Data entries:

********

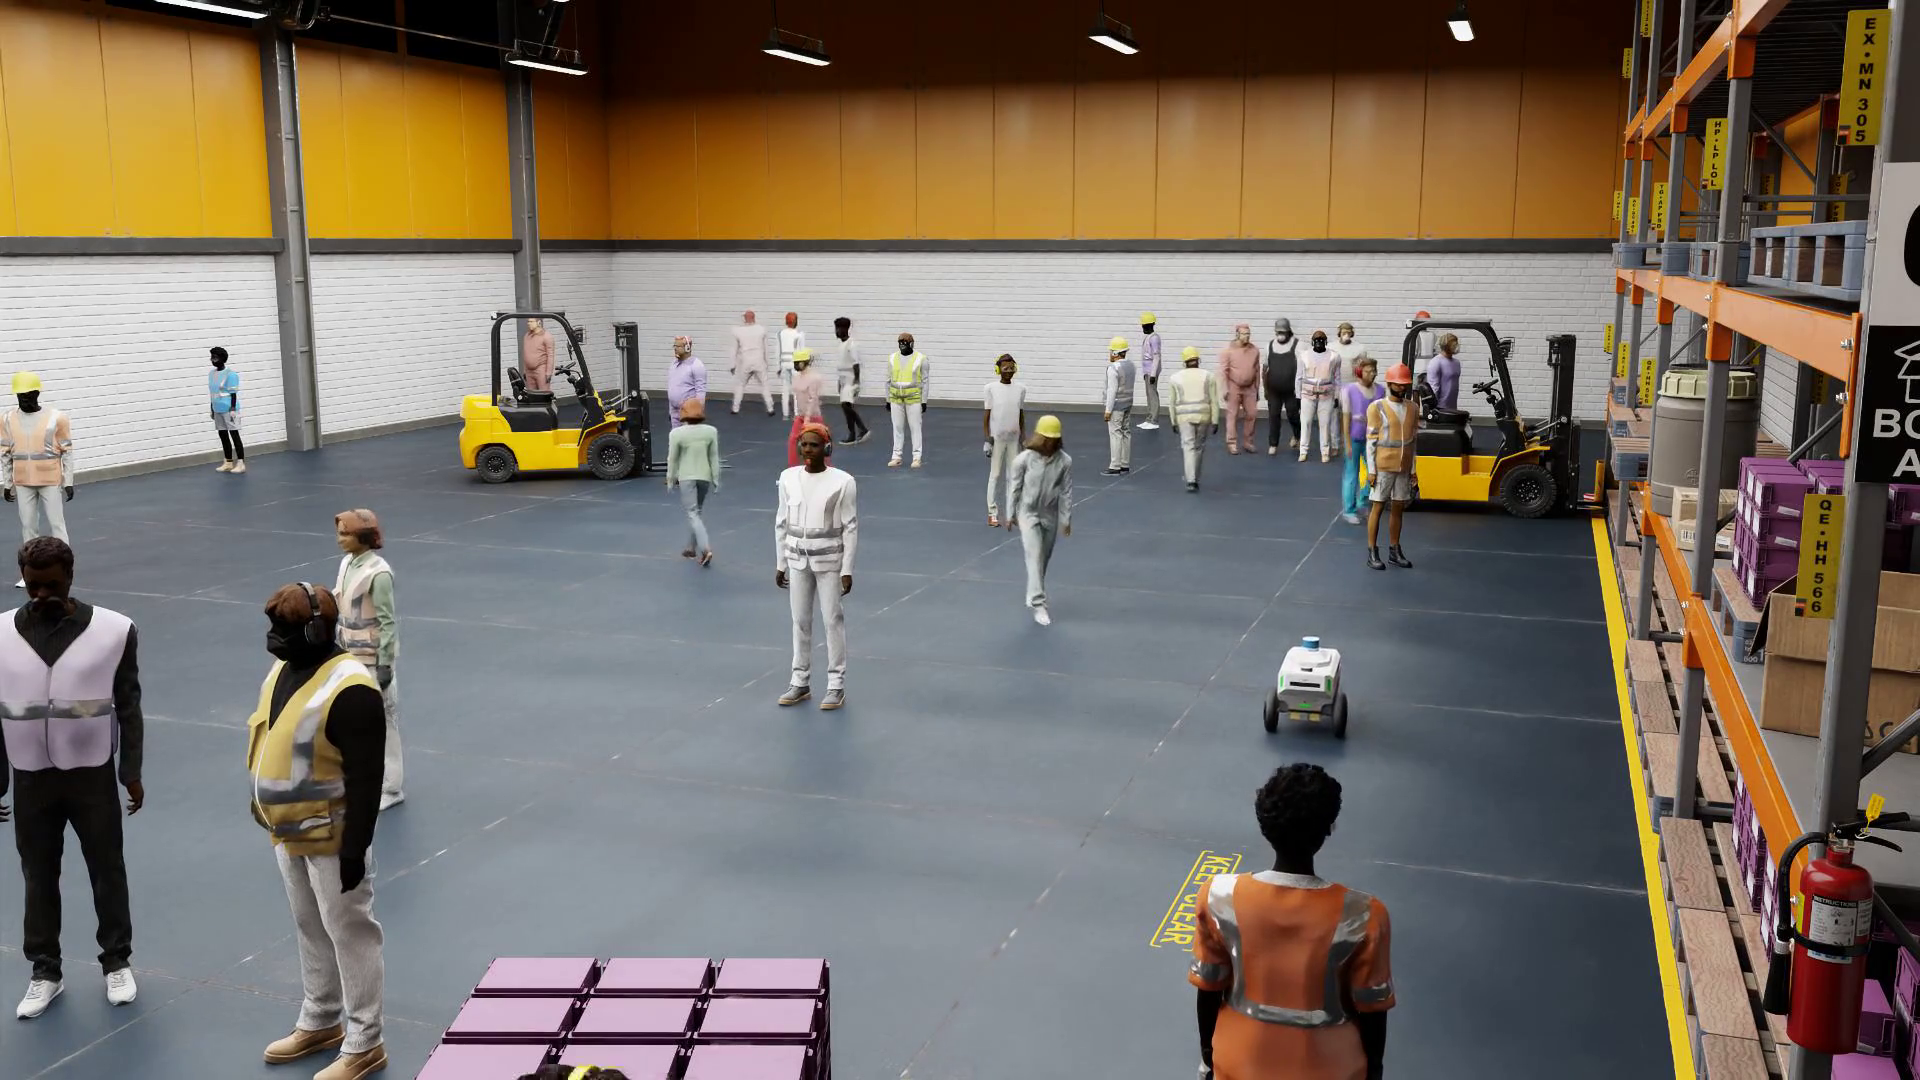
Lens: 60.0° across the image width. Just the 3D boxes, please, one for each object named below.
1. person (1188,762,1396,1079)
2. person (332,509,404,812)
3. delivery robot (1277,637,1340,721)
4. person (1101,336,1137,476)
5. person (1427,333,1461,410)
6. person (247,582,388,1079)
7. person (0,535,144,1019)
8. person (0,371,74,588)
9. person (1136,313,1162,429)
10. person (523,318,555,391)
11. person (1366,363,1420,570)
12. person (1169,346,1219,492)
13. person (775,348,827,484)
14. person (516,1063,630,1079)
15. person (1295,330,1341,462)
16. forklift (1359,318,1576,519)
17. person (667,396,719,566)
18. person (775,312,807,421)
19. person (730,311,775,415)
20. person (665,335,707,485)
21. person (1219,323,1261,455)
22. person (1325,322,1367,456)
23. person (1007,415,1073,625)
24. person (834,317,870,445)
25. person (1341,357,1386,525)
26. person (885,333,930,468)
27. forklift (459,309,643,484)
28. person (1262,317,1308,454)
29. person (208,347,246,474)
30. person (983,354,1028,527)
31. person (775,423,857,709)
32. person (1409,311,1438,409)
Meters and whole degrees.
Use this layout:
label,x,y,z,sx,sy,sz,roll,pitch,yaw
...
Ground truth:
label,x,y,z,sx,sy,sz,roll,pitch,yaw
person,0.871,1.417,4.408,0.536,1.696,0.318,3,11,19
person,-3.173,0.644,8.951,0.314,1.638,0.538,-9,14,-42
delivery robot,2.211,0.857,10.514,0.477,0.478,0.707,3,11,16
person,2.076,-1.759,21.903,0.404,1.837,0.590,7,12,34
person,6.065,-1.620,20.829,0.358,1.938,0.636,10,14,43
person,-2.328,1.057,6.025,0.619,1.845,0.430,9,13,41
person,-3.551,0.918,6.608,0.590,1.915,0.392,-4,11,-20
person,-8.178,-0.533,14.740,0.595,1.925,0.371,-1,10,-8
person,3.129,-2.781,27.416,0.383,1.922,0.587,-1,10,-4
person,-6.980,-2.776,27.428,0.638,1.909,0.406,6,12,32
person,4.063,-0.690,15.594,0.544,1.939,0.354,-4,11,-19
person,2.897,-1.498,20.608,0.597,1.789,0.870,0,10,-1
person,-2.000,-1.532,20.923,0.798,1.734,0.535,-8,13,-39
person,-0.514,1.665,2.561,0.439,1.857,0.553,1,10,7
person,5.001,-2.005,23.276,0.629,1.843,0.429,2,10,11
forklift,5.787,-1.437,19.079,2.313,2.155,1.214,3,11,19
person,-2.516,-0.564,15.832,0.507,1.605,0.795,-7,12,-34
person,-2.899,-2.989,28.704,0.584,1.878,0.337,4,11,22
person,-3.755,-3.149,29.725,0.814,1.855,0.554,-1,10,-4
person,-3.462,-1.614,20.884,0.638,1.910,0.407,9,14,42
person,4.077,-2.192,24.173,0.684,1.902,0.404,-3,10,-16
person,5.507,-2.165,23.927,0.650,1.934,0.451,3,10,15
person,0.632,-0.211,13.611,0.508,1.691,0.870,-3,10,-15
person,-1.685,-2.395,25.131,0.431,1.956,0.661,-5,11,-26
person,4.359,-1.067,18.034,0.568,1.832,0.448,-4,11,-19
person,-0.736,-1.905,22.709,0.633,1.843,0.429,3,11,18
forklift,-5.354,-1.902,21.697,2.313,2.155,1.214,-2,10,-13
person,4.735,-2.273,24.220,0.705,2.000,0.764,5,11,26
person,-9.787,-1.728,22.132,0.534,1.692,0.320,6,12,30
person,0.496,-1.079,17.979,0.514,1.872,0.328,-5,11,-24
person,-0.952,0.169,10.911,0.574,1.885,0.355,4,11,20
person,7.642,-2.826,27.617,0.552,1.938,0.356,-4,11,-23

********

__Work to be completed__: Your task is to restate every record word for word. Omit all pictures.

__The completed task__:
Lens: 60.0° across the image width. Just the 3D boxes, please, one for each object named below.
1. person (1188,762,1396,1079)
2. person (332,509,404,812)
3. delivery robot (1277,637,1340,721)
4. person (1101,336,1137,476)
5. person (1427,333,1461,410)
6. person (247,582,388,1079)
7. person (0,535,144,1019)
8. person (0,371,74,588)
9. person (1136,313,1162,429)
10. person (523,318,555,391)
11. person (1366,363,1420,570)
12. person (1169,346,1219,492)
13. person (775,348,827,484)
14. person (516,1063,630,1079)
15. person (1295,330,1341,462)
16. forklift (1359,318,1576,519)
17. person (667,396,719,566)
18. person (775,312,807,421)
19. person (730,311,775,415)
20. person (665,335,707,485)
21. person (1219,323,1261,455)
22. person (1325,322,1367,456)
23. person (1007,415,1073,625)
24. person (834,317,870,445)
25. person (1341,357,1386,525)
26. person (885,333,930,468)
27. forklift (459,309,643,484)
28. person (1262,317,1308,454)
29. person (208,347,246,474)
30. person (983,354,1028,527)
31. person (775,423,857,709)
32. person (1409,311,1438,409)
Meters and whole degrees.
Use this layout:
label,x,y,z,sx,sy,sz,roll,pitch,yaw
...
Ground truth:
label,x,y,z,sx,sy,sz,roll,pitch,yaw
person,0.871,1.417,4.408,0.536,1.696,0.318,3,11,19
person,-3.173,0.644,8.951,0.314,1.638,0.538,-9,14,-42
delivery robot,2.211,0.857,10.514,0.477,0.478,0.707,3,11,16
person,2.076,-1.759,21.903,0.404,1.837,0.590,7,12,34
person,6.065,-1.620,20.829,0.358,1.938,0.636,10,14,43
person,-2.328,1.057,6.025,0.619,1.845,0.430,9,13,41
person,-3.551,0.918,6.608,0.590,1.915,0.392,-4,11,-20
person,-8.178,-0.533,14.740,0.595,1.925,0.371,-1,10,-8
person,3.129,-2.781,27.416,0.383,1.922,0.587,-1,10,-4
person,-6.980,-2.776,27.428,0.638,1.909,0.406,6,12,32
person,4.063,-0.690,15.594,0.544,1.939,0.354,-4,11,-19
person,2.897,-1.498,20.608,0.597,1.789,0.870,0,10,-1
person,-2.000,-1.532,20.923,0.798,1.734,0.535,-8,13,-39
person,-0.514,1.665,2.561,0.439,1.857,0.553,1,10,7
person,5.001,-2.005,23.276,0.629,1.843,0.429,2,10,11
forklift,5.787,-1.437,19.079,2.313,2.155,1.214,3,11,19
person,-2.516,-0.564,15.832,0.507,1.605,0.795,-7,12,-34
person,-2.899,-2.989,28.704,0.584,1.878,0.337,4,11,22
person,-3.755,-3.149,29.725,0.814,1.855,0.554,-1,10,-4
person,-3.462,-1.614,20.884,0.638,1.910,0.407,9,14,42
person,4.077,-2.192,24.173,0.684,1.902,0.404,-3,10,-16
person,5.507,-2.165,23.927,0.650,1.934,0.451,3,10,15
person,0.632,-0.211,13.611,0.508,1.691,0.870,-3,10,-15
person,-1.685,-2.395,25.131,0.431,1.956,0.661,-5,11,-26
person,4.359,-1.067,18.034,0.568,1.832,0.448,-4,11,-19
person,-0.736,-1.905,22.709,0.633,1.843,0.429,3,11,18
forklift,-5.354,-1.902,21.697,2.313,2.155,1.214,-2,10,-13
person,4.735,-2.273,24.220,0.705,2.000,0.764,5,11,26
person,-9.787,-1.728,22.132,0.534,1.692,0.320,6,12,30
person,0.496,-1.079,17.979,0.514,1.872,0.328,-5,11,-24
person,-0.952,0.169,10.911,0.574,1.885,0.355,4,11,20
person,7.642,-2.826,27.617,0.552,1.938,0.356,-4,11,-23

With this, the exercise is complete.